Tuduhan itu ditolak oleh Angkatan Darat. Angkatan Darat sebaliknya menuduh PKI akan melaksanakan perebutan kekuasaan. Dalam rangka mempersiapkan peringatan Hari Angkatan Bersenjata pada tanggal 5 Oktober, semenjak final bulan September puluhan ribu tentara berkumpul di Jakarta. Dengan ini, dugaan-dugaan ihwal akan terjadinya perebutan kekuasaan semakin santer.

Gerakan 30 September

Di tengah-tengah kecurigaan dan persaingan politik yang semakin tinggi, sekelompok pasukan di bawah pimpinan Letnan Kolonel Untung melaksanakan agresi bersenjata di Jakarta.
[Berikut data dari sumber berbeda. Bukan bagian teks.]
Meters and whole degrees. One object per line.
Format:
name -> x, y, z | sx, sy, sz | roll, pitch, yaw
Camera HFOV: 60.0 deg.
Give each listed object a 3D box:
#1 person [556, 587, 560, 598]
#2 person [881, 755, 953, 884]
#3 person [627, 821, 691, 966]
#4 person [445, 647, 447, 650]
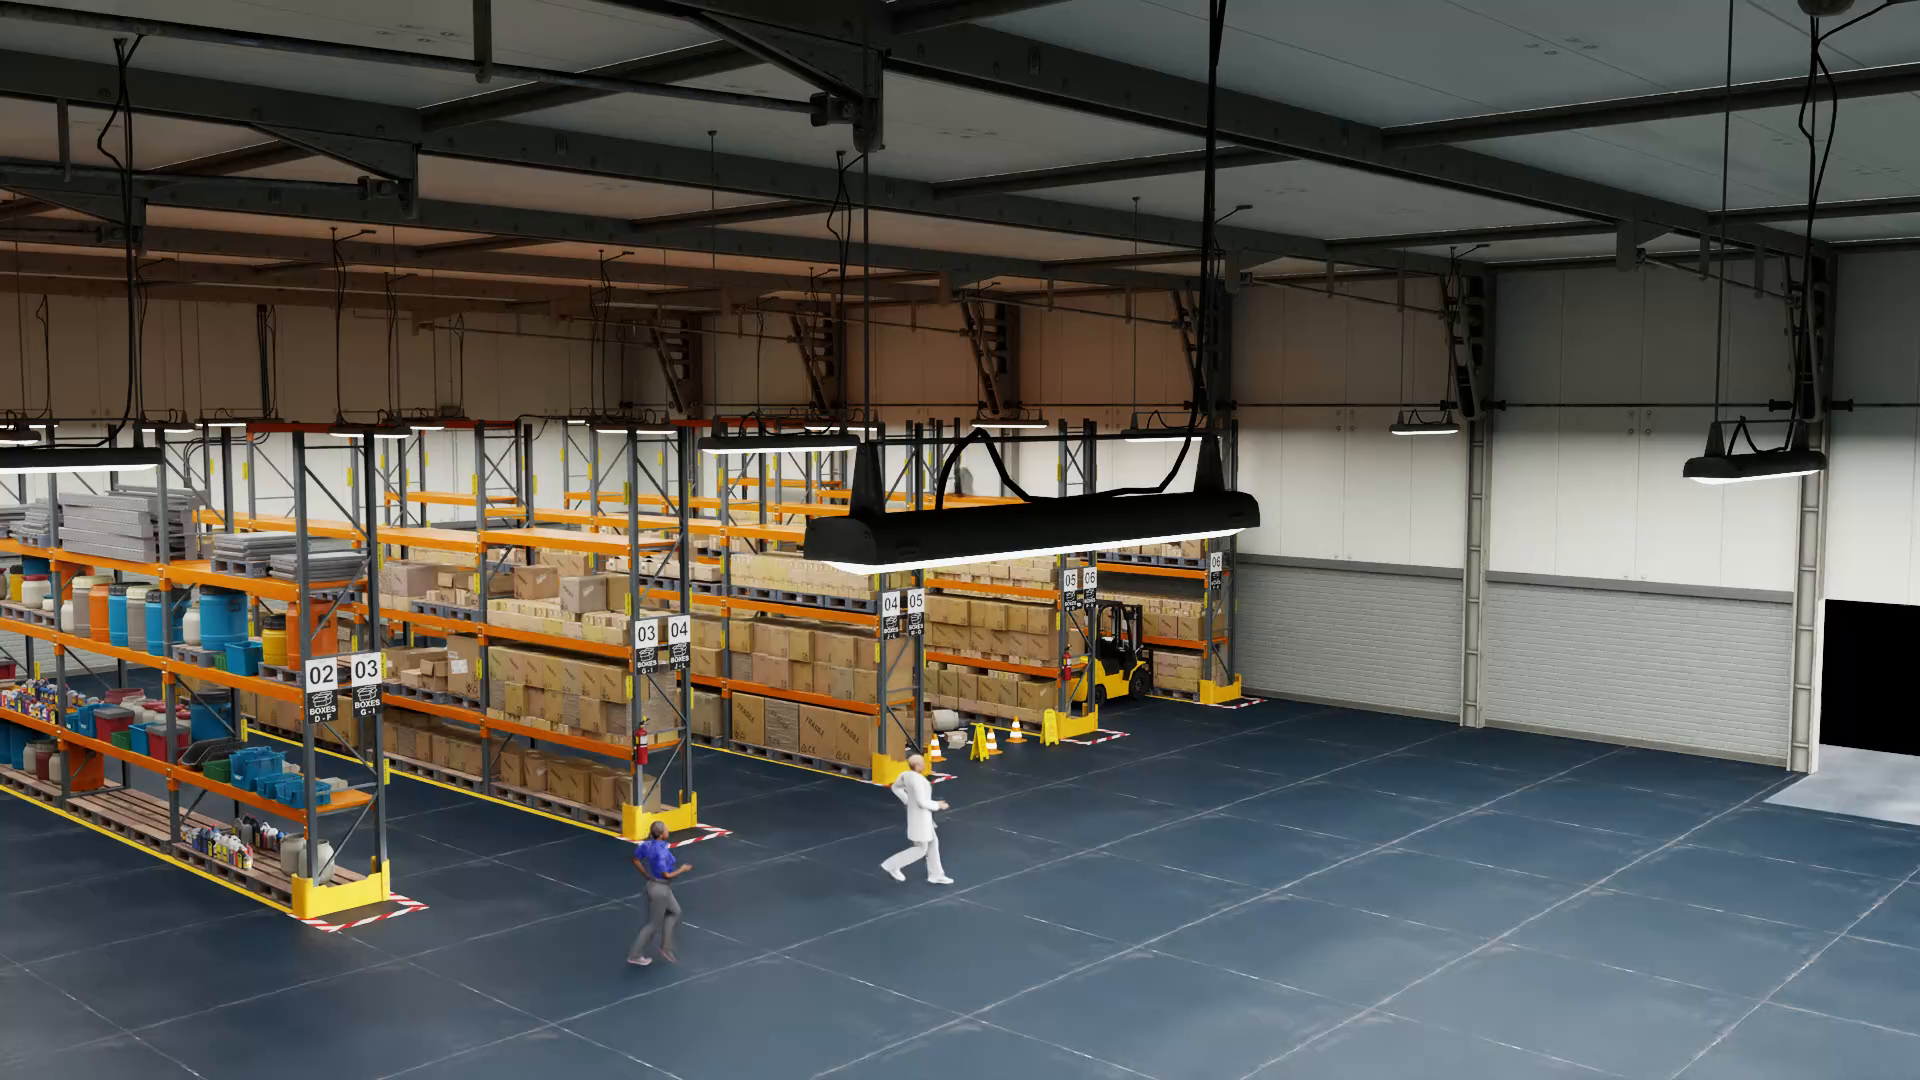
person -> -10.564, 1.978, 43.478 | 0.649, 1.586, 0.740 | -3, 6, -36
person -> -0.566, 3.684, 21.799 | 1.017, 1.775, 0.723 | -1, 5, -18
person -> -3.387, 3.997, 18.677 | 0.746, 1.699, 0.554 | -2, 5, -25
person -> -10.462, 2.836, 34.313 | 0.549, 1.415, 0.839 | -4, 6, -44

Sebagai pimpinan atas gerakan itu, Letnan Kolonel Untung, Komandan Batalyon I Resimen Cakrabirawa (Pasukan Pengawal Presiden) itu mengambil suatu keputusan dan memerintahkan kepada seluruh anggota gerakan untuk siap dan mulai bergerak untuk mengadakan penculikan dan pembunuhan terhadap enam perwira tinggi dan seorang perwira pertama Angkatan Darat.

Mereka dibawa ke Lubang Buaya, yaitu sebuah tempat yang terletak di sebelah selatan pangkalan udara utama Halim Perdana Kusuma dan dimasukkan ke dalam sebuah sumur tua, kemudian ditimbun dengan sampah dan tanah.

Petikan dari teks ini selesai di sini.